Root cause: missing Semi/Anti-Semi Index NL Join operators
ORCA’s physical operator set includes:
| Operator | Exists? |
|---|---|
EopPhysicalInnerIndexNLJoin |
yes |
EopPhysicalLeftOuterIndexNLJoin |
yes |
EopPhysicalLeftSemiIndexNLJoin |
no |
EopPhysicalLeftAntiSemiIndexNLJoin |
no |
CXformImplementIndexApply (the transform that instantiates physical Index NL Join operators)

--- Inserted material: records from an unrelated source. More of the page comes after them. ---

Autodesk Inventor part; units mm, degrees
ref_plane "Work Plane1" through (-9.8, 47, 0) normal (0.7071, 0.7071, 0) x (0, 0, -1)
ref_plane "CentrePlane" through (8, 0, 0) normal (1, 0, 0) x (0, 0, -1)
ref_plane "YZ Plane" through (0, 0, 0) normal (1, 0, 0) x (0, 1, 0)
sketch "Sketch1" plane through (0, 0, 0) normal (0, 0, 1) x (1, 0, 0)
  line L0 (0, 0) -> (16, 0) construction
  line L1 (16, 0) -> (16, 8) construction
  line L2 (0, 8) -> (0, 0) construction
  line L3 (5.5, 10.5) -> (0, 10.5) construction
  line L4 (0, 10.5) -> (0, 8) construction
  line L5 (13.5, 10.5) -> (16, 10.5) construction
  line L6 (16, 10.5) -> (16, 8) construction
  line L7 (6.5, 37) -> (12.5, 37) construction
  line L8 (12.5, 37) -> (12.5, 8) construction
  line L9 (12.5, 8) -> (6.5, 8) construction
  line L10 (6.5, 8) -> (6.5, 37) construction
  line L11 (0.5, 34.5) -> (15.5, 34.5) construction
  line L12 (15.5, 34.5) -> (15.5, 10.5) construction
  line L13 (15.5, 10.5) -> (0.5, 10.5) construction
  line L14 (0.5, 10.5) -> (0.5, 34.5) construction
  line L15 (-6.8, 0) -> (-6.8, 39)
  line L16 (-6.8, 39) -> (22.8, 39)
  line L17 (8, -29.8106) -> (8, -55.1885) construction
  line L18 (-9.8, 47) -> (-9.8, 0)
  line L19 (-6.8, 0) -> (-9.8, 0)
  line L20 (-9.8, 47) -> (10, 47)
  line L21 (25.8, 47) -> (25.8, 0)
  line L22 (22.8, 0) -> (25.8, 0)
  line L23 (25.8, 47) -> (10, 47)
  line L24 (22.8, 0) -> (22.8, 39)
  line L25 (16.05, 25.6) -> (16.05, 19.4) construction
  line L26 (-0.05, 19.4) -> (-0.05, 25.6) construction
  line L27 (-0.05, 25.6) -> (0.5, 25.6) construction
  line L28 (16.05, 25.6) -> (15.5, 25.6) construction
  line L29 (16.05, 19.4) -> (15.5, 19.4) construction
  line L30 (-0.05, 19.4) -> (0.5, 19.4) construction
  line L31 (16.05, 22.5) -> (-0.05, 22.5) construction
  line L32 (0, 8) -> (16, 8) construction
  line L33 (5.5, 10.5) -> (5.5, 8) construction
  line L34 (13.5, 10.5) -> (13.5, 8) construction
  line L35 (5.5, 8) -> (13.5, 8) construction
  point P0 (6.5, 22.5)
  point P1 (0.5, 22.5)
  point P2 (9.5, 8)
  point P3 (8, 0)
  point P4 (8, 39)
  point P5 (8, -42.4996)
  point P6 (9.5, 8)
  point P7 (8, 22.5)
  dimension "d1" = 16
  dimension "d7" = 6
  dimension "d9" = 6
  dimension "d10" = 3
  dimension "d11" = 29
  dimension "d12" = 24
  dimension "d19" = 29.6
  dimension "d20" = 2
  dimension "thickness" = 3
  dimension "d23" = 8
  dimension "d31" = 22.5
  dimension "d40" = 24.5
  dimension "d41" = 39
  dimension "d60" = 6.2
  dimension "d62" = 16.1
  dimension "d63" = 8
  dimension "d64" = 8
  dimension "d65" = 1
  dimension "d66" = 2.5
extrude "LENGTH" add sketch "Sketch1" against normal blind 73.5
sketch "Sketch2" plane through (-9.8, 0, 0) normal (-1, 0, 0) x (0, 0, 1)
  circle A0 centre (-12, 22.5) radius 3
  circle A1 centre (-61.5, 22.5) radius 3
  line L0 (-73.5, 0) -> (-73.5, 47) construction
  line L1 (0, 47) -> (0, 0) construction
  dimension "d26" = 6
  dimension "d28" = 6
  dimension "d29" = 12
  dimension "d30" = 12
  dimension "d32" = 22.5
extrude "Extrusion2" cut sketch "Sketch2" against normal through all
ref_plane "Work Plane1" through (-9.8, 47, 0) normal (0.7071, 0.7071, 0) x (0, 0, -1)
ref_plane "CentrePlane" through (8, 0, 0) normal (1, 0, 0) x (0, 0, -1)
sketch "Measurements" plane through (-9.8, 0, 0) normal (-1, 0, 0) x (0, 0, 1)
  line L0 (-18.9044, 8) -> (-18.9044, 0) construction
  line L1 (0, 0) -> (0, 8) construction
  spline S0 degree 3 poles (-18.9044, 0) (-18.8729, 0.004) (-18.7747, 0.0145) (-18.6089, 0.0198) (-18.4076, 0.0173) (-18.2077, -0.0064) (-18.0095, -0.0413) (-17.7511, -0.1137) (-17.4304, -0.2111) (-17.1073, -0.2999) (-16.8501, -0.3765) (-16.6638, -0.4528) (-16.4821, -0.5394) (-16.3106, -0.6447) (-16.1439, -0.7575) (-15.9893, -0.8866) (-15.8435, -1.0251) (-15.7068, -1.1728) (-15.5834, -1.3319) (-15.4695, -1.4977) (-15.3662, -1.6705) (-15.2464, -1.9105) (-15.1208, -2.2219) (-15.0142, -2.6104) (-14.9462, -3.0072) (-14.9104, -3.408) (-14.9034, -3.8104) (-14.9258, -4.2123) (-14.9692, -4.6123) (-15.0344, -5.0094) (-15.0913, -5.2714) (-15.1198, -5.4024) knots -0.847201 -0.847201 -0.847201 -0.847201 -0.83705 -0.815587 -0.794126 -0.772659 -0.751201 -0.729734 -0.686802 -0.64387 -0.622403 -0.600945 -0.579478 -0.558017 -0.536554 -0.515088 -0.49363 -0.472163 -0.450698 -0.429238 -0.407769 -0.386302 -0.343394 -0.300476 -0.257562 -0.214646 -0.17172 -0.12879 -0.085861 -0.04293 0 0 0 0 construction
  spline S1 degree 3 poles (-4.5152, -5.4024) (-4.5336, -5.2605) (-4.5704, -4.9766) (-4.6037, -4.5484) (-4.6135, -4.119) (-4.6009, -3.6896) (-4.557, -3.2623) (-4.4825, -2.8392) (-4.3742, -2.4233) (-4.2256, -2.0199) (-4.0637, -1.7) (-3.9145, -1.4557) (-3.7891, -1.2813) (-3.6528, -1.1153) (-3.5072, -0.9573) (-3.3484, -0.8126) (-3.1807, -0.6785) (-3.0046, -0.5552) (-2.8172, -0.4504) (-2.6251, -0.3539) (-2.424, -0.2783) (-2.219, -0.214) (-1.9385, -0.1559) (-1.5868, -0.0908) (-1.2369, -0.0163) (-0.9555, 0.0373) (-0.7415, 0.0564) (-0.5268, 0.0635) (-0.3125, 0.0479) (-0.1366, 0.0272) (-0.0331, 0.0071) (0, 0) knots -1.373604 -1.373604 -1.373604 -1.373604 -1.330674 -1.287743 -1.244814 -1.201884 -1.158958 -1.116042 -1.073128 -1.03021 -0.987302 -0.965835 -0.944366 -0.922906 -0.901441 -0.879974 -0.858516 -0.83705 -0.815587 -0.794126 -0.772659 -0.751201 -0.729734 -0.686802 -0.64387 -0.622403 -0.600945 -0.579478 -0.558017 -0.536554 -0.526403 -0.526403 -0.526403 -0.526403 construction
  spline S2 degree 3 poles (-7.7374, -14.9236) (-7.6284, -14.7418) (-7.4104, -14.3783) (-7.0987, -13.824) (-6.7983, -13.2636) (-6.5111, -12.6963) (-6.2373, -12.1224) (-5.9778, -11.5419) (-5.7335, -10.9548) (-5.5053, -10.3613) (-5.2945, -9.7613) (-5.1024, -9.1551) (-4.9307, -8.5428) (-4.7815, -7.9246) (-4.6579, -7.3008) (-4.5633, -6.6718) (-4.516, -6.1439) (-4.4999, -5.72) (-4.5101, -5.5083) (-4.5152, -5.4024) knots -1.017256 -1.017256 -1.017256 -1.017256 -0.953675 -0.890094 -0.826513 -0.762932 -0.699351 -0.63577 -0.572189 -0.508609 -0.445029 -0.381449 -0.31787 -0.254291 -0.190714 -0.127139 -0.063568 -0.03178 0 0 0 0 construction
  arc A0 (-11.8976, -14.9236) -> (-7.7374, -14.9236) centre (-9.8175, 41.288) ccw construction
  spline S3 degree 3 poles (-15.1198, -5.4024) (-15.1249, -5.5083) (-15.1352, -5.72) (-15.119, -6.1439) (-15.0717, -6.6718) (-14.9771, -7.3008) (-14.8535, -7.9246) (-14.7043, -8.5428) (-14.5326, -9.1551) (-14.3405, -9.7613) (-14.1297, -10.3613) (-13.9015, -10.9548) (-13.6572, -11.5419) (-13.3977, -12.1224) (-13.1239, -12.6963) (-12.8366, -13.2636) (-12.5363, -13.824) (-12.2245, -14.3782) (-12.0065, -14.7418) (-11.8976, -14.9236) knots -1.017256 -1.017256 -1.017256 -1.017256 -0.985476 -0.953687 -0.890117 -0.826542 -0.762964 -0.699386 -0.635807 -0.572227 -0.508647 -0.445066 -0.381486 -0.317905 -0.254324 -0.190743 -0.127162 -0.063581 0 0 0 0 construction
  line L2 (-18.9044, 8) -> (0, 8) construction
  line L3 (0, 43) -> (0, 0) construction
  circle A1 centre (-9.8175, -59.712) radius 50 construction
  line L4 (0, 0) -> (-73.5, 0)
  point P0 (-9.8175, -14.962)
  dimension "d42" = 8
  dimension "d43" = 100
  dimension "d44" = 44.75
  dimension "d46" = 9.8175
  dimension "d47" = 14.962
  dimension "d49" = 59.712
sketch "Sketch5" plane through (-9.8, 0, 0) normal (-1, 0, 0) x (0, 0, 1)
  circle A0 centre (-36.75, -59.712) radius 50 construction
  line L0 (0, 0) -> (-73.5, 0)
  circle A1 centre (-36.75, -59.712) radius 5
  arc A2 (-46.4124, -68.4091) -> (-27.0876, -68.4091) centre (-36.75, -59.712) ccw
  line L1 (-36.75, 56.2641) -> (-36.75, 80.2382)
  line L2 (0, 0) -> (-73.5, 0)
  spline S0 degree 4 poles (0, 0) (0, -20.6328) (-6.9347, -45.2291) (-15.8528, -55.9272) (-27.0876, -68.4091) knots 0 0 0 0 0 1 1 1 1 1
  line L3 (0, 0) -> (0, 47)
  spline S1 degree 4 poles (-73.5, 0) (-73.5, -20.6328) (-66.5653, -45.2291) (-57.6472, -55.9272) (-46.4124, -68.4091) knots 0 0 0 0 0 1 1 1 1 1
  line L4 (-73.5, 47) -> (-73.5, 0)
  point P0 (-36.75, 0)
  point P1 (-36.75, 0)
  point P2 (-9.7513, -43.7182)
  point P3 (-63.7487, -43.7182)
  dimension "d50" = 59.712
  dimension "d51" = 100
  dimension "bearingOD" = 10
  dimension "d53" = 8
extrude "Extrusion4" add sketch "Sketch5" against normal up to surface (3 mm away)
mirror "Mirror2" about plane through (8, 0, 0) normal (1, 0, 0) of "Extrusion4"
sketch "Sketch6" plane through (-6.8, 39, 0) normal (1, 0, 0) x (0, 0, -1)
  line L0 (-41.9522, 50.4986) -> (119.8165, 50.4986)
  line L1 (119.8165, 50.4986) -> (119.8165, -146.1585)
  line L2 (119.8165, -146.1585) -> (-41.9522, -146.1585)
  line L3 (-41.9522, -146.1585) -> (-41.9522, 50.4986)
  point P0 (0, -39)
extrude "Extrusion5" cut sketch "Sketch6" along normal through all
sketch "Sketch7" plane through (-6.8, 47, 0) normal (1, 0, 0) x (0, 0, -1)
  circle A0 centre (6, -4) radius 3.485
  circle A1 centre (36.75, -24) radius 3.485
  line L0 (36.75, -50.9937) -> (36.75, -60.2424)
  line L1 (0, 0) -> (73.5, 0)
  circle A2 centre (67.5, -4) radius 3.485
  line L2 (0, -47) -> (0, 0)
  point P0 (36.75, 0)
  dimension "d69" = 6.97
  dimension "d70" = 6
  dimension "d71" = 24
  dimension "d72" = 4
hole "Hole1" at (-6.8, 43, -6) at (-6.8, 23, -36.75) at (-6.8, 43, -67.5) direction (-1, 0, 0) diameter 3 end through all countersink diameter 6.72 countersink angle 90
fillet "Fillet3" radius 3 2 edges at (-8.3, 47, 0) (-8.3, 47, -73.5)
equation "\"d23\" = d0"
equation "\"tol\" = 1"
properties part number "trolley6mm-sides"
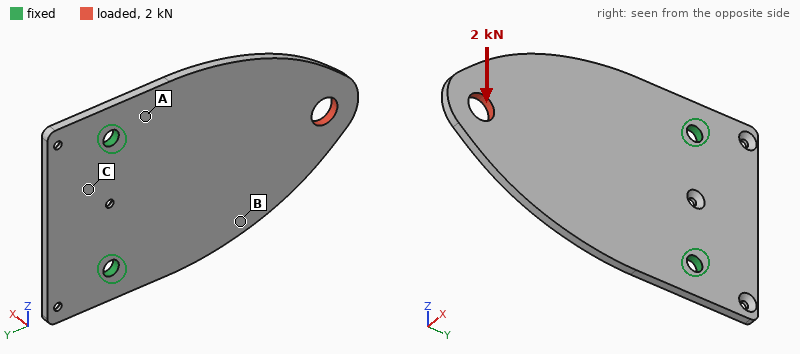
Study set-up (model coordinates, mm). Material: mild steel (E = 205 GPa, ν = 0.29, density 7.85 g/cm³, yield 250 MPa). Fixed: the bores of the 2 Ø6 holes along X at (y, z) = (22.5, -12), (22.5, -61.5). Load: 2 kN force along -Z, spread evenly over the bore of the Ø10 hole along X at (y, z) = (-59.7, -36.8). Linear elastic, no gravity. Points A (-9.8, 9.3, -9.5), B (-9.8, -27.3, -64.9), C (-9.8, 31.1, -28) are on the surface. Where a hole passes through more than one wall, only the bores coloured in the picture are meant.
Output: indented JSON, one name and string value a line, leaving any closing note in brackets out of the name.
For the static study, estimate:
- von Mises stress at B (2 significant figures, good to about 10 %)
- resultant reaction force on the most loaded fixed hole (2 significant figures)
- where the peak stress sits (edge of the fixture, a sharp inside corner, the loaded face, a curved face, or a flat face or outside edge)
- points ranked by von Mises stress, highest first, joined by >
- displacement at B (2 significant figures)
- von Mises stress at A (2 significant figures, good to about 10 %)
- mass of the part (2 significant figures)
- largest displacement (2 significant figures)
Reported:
{
  "von Mises stress at B": "28 MPa",
  "resultant reaction force on the most loaded fixed hole": "3.3 kN",
  "where the peak stress sits": "edge of the fixture",
  "points ranked by von Mises stress, highest first, joined by >": "A > B > C",
  "displacement at B": "19 µm",
  "von Mises stress at A": "44 MPa",
  "mass of the part": "170 g",
  "largest displacement": "41 µm"
}
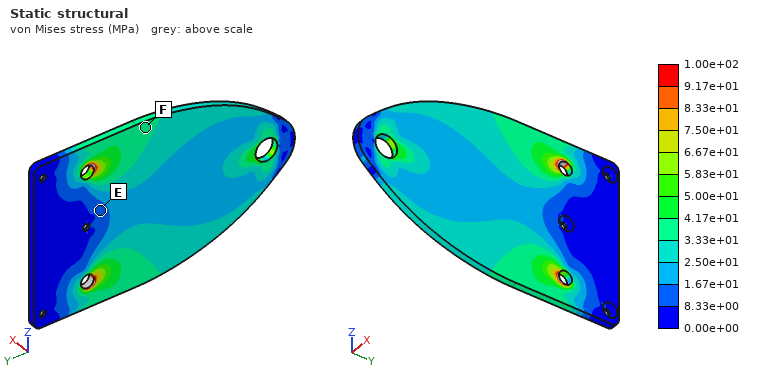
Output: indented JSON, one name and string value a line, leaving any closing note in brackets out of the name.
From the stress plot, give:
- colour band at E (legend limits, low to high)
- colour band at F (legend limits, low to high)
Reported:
{
  "colour band at E": "8.33e+00 to 1.67e+01 MPa",
  "colour band at F": "3.33e+01 to 4.17e+01 MPa"
}
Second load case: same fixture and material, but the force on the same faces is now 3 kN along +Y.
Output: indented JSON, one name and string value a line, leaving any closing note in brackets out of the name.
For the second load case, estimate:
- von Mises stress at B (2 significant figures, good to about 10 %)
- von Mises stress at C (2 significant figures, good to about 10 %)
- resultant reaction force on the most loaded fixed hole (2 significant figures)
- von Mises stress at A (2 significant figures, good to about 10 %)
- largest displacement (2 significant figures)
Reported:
{
  "von Mises stress at B": "13 MPa",
  "von Mises stress at C": "5.9 MPa",
  "resultant reaction force on the most loaded fixed hole": "1.5 kN",
  "von Mises stress at A": "19 MPa",
  "largest displacement": "11 µm"
}
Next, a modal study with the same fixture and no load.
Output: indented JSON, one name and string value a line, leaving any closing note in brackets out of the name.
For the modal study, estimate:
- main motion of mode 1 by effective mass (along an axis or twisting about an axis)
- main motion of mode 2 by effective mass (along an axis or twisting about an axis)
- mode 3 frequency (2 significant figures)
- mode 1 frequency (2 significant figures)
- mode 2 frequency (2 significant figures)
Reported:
{
  "main motion of mode 1 by effective mass": "along X",
  "main motion of mode 2 by effective mass": "twisting about Y",
  "mode 3 frequency": "2000 Hz",
  "mode 1 frequency": "380 Hz",
  "mode 2 frequency": "1400 Hz"
}

only produces CPhysicalInnerIndexNLJoin and CPhysicalLeftOuterIndexNLJoin. It has no
branches for semi or anti-semi variants.
Because these operators don’t exist, ORCA can never use an index to probe the inner side
of an EXISTS / NOT EXISTS subquery. The only available physical alternatives are
CPhysicalLeftSemiHashJoin and CPhysicalLeftAntiSemiHashJoin, both of which require
materializing the entire inner relation into a hash table — hence the full scan of lineitem
(6M rows for l2, 3.8M for l3) and the resulting disk spill.
Pattern shared with Q4: Q4’s EXISTS regression has the identical structural cause: the
correlated EXISTS subquery is unnested into a full scan + dedup rather than an indexed
semi-join, for the same reason — no EopPhysicalLeftSemiIndexNLJoin exists to exploit
lineitem_pkey.
Fix direction: Implement CPhysicalLeftSemiIndexNLJoin and
CPhysicalLeftAntiSemiIndexNLJoin physical operators (mirroring the inner/outer variants),
and extend CXformImplementIndexApply to instantiate them. This is a significant effort
requiring new physical operator classes, cost model entries, and DXL translator support, but
would address Q4, Q21, and any other query using EXISTS/NOT EXISTS with an indexed inner key.